How can easier access to air-quality data help communities near refineries, chemical plants, or other industrial areas feel more informed and less dependent on agency reports? 

Easier access to air-quality data helps communities feel more informed because they can check conditions for themselves. That is especially important near refineries, chemical plants, and other industrial activity, where residents may have more questions about pollutants, monitoring locations, and public health risk. 

In Resource Data’s case study, TCEQ’s Air Monitoring Division collects data from areas with heavy industrial activity across Texas. The agency serves over 25 million Texans and operates more than 200 monitoring stations. When that amount of data is hard to access or slow to update, the agency may lose public trust. 

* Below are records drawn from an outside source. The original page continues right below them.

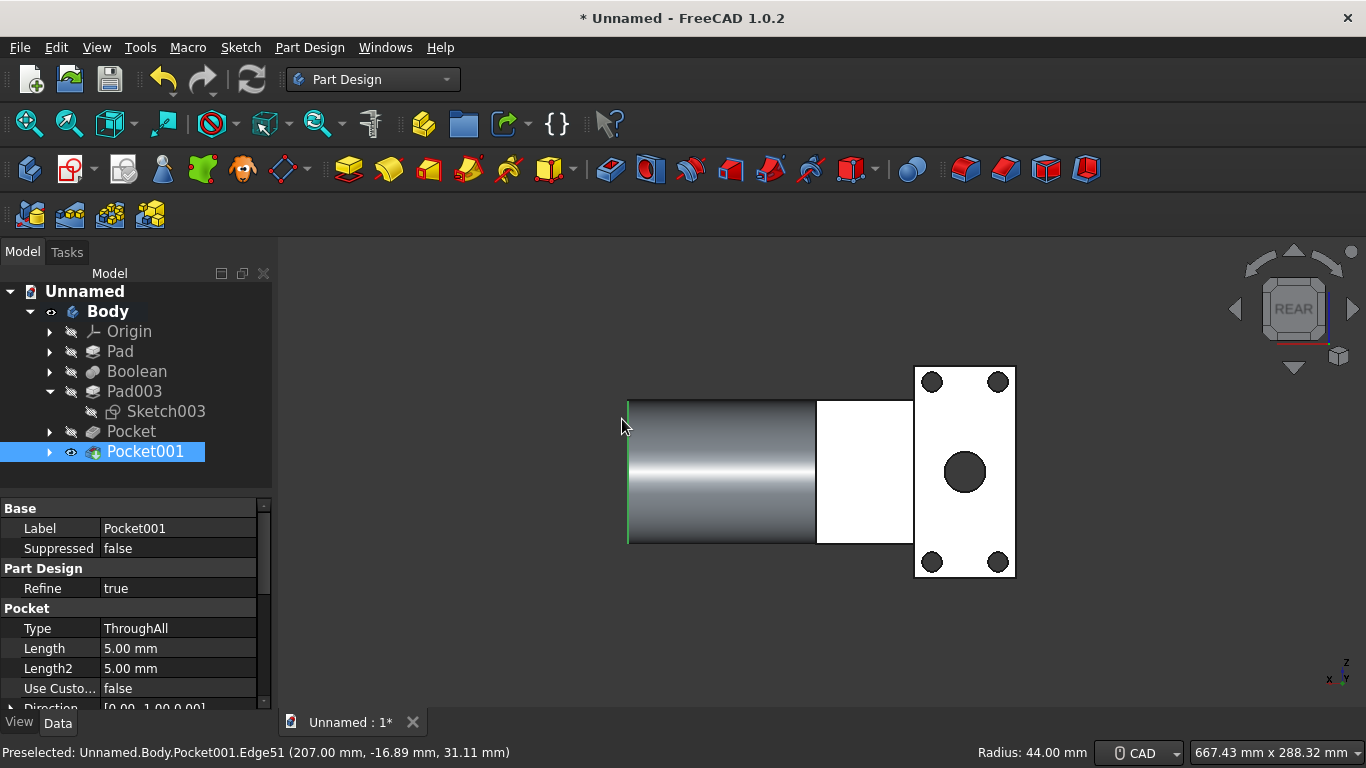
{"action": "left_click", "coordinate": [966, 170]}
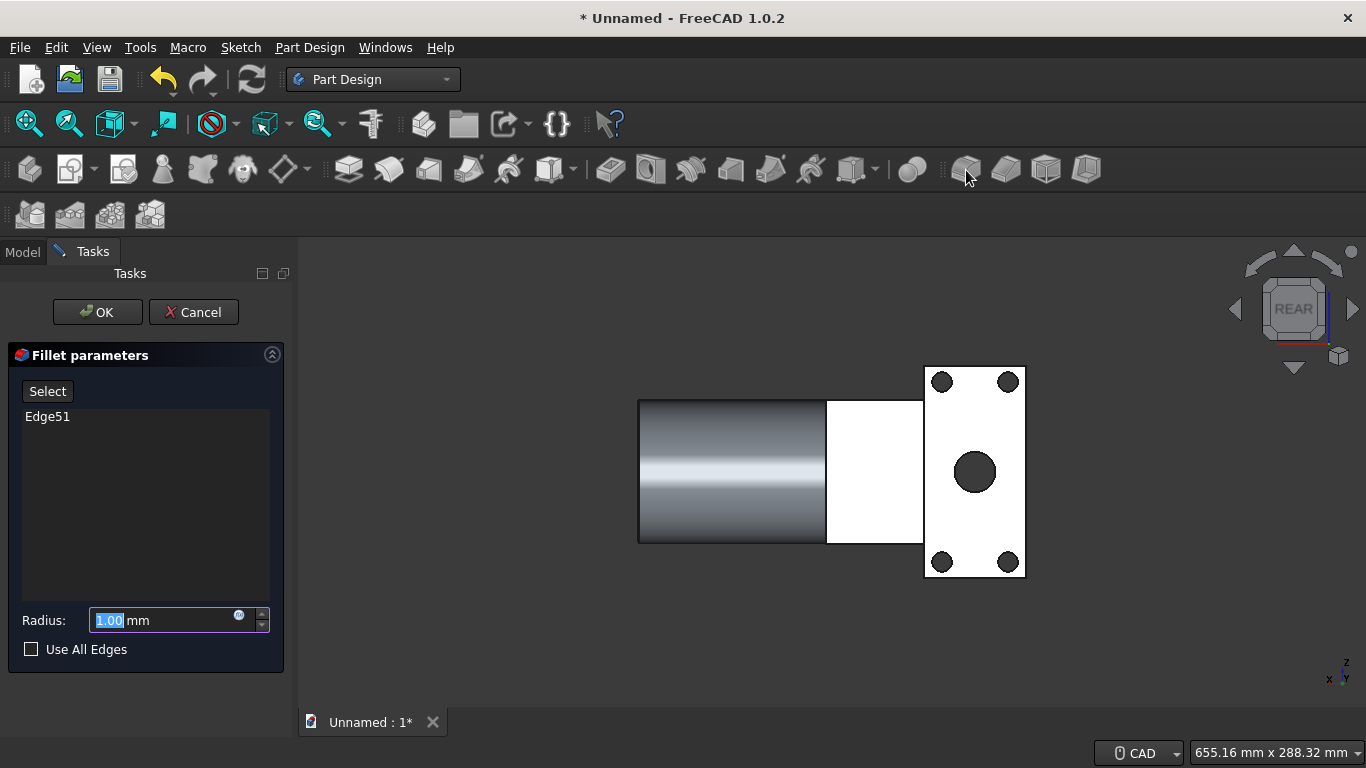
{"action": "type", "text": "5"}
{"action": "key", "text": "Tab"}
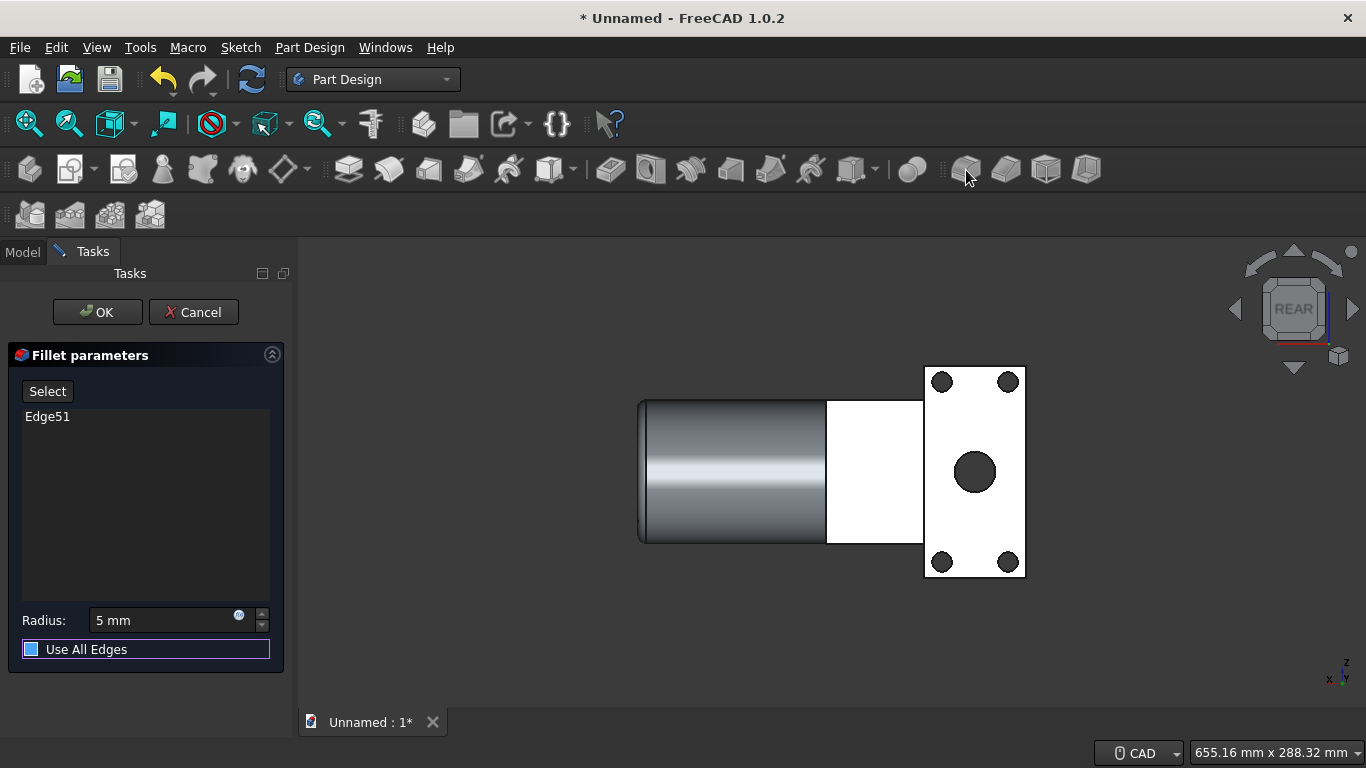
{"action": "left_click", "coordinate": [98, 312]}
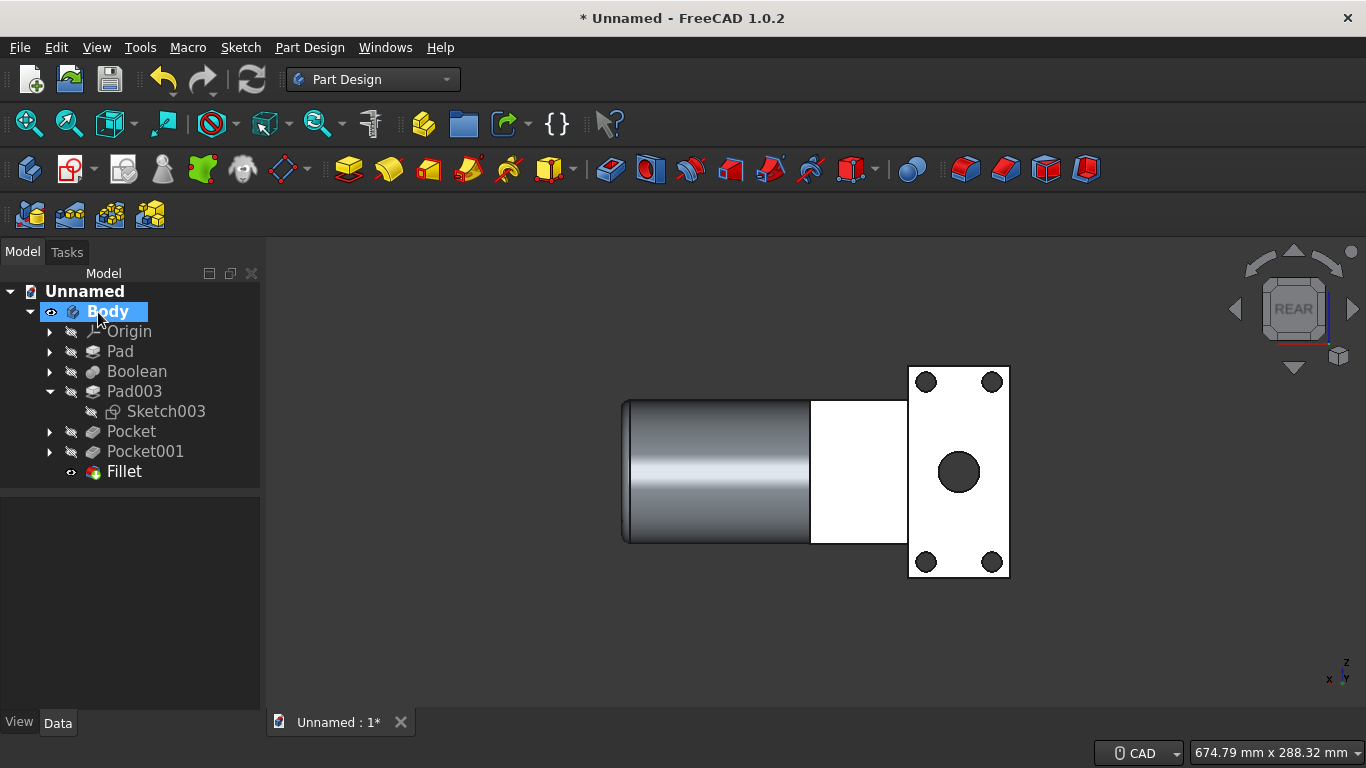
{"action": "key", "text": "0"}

The new GeoTAM platform gives users near real-time access to pollutant levels, thresholds, station details, and historical records. TCEQ’s public air monitoring materials also show that GeoTAM helps users view current ambient air values from monitoring sites. 

This improves transparency. Communities can see more of the information behind public air-quality reporting. They do not have to rely only on summaries or custom reports. This example shows how better data access can support trust, especially when environmental conditions are local, visible, and personally important. 

How can a public environmental agency make air-quality data useful for both everyday residents and researchers who need long-term records? 

A public environmental agency can serve both groups by designing the platform around two types of questions. Everyday residents often want to know what is happening now. Researchers need to understand what has happened over time. A strong air-quality system should make current conditions easy to see while keeping historical records available for deeper analysis. 

Resource Data’s case study shows this balance in GeoTAM. The new system gives users near real-time pollutant levels and threshold comparisons. It also includes historical records dating back to 2010, including data from decommissioned stations. 

That matters because the current reading only tells part of the story. Long-term records help users understand patterns, recurring conditions, and changes across monitoring locations. They can support research, planning, compliance, and policy conversations. 

Residents get clearer about current information, and researchers and policymakers have a stronger record for long-term analysis. TCEQ gets one platform that supports immediate awareness and informed environmental decision-making. This case study shows how transparency can serve more than one audience when the system is designed thoughtfully. 

How can one modernized air-quality platform help an environmental agency build momentum for better public data access across water quality, waste management, and other programs?

One modernized air-quality platform can help an agency build momentum by creating a model that other programs can adapt to different needs. Many environmental data problems are similar. People need to know where something is happening, what the current values are, whether those values cross important thresholds, and how conditions have changed over time. 

In Resource Data’s case study, TCEQ’s new GeoTAM platform was built with future expansion in mind. The case study notes that the same approach can be applied to other environmental monitoring areas, including water quality and waste management. 

This is important because public agencies often manage many separate data systems. If each program has a different interface, access path, and reporting experience, the public has to relearn the process each time. A shared model can make environmental information easier to find and trust. 

This leads to long-term efficiency and consistency. TCEQ can use GeoTAM as a foundation for broader transparency. Resource Data’s example shows how a modernization project like this can create a practical path for improving public access to information across an agency, not just inside one program.